Required work:
Copy each line from the records below in which the word "open" is found.

Data in this exercise:
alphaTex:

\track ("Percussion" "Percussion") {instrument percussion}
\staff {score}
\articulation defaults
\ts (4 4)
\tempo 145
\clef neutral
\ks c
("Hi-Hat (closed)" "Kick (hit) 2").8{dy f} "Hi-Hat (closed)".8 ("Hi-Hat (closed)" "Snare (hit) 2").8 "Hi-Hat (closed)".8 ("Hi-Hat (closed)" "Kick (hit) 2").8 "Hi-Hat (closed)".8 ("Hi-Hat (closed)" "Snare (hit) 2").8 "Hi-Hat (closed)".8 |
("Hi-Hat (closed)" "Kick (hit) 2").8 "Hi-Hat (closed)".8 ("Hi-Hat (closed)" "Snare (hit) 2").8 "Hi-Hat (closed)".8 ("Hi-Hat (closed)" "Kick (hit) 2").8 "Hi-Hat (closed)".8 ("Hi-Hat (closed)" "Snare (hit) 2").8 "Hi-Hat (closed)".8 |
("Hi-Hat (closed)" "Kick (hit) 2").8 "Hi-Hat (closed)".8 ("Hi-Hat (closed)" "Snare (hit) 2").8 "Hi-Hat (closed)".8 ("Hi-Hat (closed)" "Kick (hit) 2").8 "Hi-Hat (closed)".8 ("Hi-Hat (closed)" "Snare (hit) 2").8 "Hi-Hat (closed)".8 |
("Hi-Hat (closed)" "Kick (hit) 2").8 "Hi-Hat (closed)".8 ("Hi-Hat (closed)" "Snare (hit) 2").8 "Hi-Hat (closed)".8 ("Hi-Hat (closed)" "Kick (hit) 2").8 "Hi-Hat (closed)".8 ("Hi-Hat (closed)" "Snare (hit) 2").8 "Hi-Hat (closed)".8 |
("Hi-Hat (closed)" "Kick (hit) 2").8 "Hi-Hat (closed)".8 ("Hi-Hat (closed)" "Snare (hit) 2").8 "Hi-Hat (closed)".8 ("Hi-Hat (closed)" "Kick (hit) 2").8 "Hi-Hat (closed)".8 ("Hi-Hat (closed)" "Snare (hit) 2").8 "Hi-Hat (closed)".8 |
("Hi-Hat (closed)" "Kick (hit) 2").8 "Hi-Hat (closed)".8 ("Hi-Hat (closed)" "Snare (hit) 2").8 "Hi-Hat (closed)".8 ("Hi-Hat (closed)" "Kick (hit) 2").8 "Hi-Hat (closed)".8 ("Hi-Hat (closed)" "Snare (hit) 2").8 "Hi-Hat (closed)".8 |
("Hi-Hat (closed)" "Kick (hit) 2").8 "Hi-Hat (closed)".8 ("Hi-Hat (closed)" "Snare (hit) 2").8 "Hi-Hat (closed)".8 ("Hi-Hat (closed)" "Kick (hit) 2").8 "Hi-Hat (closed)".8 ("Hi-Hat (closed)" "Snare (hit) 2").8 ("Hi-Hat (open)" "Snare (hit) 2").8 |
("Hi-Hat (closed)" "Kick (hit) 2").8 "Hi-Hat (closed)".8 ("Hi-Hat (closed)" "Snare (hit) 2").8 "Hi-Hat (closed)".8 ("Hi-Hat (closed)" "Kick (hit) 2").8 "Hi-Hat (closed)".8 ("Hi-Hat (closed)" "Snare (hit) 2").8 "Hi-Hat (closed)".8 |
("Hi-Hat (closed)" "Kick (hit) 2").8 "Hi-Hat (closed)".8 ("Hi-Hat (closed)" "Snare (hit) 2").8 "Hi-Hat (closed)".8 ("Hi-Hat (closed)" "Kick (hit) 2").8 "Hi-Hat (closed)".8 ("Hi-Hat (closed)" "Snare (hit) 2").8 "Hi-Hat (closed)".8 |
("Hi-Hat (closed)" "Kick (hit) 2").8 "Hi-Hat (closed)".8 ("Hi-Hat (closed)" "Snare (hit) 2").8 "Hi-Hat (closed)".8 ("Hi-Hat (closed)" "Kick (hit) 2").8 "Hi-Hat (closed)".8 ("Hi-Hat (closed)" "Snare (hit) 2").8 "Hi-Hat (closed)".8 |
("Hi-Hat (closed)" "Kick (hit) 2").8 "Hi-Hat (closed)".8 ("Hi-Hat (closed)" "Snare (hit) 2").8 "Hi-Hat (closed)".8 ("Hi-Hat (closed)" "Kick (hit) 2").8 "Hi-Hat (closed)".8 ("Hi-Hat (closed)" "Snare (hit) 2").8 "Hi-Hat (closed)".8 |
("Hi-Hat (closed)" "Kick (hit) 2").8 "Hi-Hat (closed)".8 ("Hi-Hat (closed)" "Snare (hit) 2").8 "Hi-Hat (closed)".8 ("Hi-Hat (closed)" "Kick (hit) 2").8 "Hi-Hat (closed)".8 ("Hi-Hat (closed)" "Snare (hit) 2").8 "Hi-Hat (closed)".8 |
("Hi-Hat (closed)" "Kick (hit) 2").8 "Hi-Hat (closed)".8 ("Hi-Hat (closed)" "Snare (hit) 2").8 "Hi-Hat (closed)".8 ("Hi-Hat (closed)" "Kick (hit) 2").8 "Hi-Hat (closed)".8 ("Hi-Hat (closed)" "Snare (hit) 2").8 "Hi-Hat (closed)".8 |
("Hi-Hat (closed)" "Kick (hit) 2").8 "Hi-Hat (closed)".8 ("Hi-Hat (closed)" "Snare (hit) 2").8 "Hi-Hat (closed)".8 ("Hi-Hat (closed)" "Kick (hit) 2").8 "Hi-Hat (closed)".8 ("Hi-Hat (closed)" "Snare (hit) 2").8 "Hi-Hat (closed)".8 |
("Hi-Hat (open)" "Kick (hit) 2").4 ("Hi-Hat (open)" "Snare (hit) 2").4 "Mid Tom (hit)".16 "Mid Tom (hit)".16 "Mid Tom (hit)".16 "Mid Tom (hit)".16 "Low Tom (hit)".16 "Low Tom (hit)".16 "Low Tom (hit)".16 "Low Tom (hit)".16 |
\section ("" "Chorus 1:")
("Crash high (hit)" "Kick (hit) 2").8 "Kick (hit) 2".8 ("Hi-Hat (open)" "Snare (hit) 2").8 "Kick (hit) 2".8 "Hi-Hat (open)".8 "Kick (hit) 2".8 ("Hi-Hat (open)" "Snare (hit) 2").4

Result of this task:
("Hi-Hat (closed)" "Kick (hit) 2").8 "Hi-Hat (closed)".8 ("Hi-Hat (closed)" "Snare (hit) 2").8 "Hi-Hat (closed)".8 ("Hi-Hat (closed)" "Kick (hit) 2").8 "Hi-Hat (closed)".8 ("Hi-Hat (closed)" "Snare (hit) 2").8 ("Hi-Hat (open)" "Snare (hit) 2").8 |
("Hi-Hat (open)" "Kick (hit) 2").4 ("Hi-Hat (open)" "Snare (hit) 2").4 "Mid Tom (hit)".16 "Mid Tom (hit)".16 "Mid Tom (hit)".16 "Mid Tom (hit)".16 "Low Tom (hit)".16 "Low Tom (hit)".16 "Low Tom (hit)".16 "Low Tom (hit)".16 |
("Crash high (hit)" "Kick (hit) 2").8 "Kick (hit) 2".8 ("Hi-Hat (open)" "Snare (hit) 2").8 "Kick (hit) 2".8 "Hi-Hat (open)".8 "Kick (hit) 2".8 ("Hi-Hat (open)" "Snare (hit) 2").4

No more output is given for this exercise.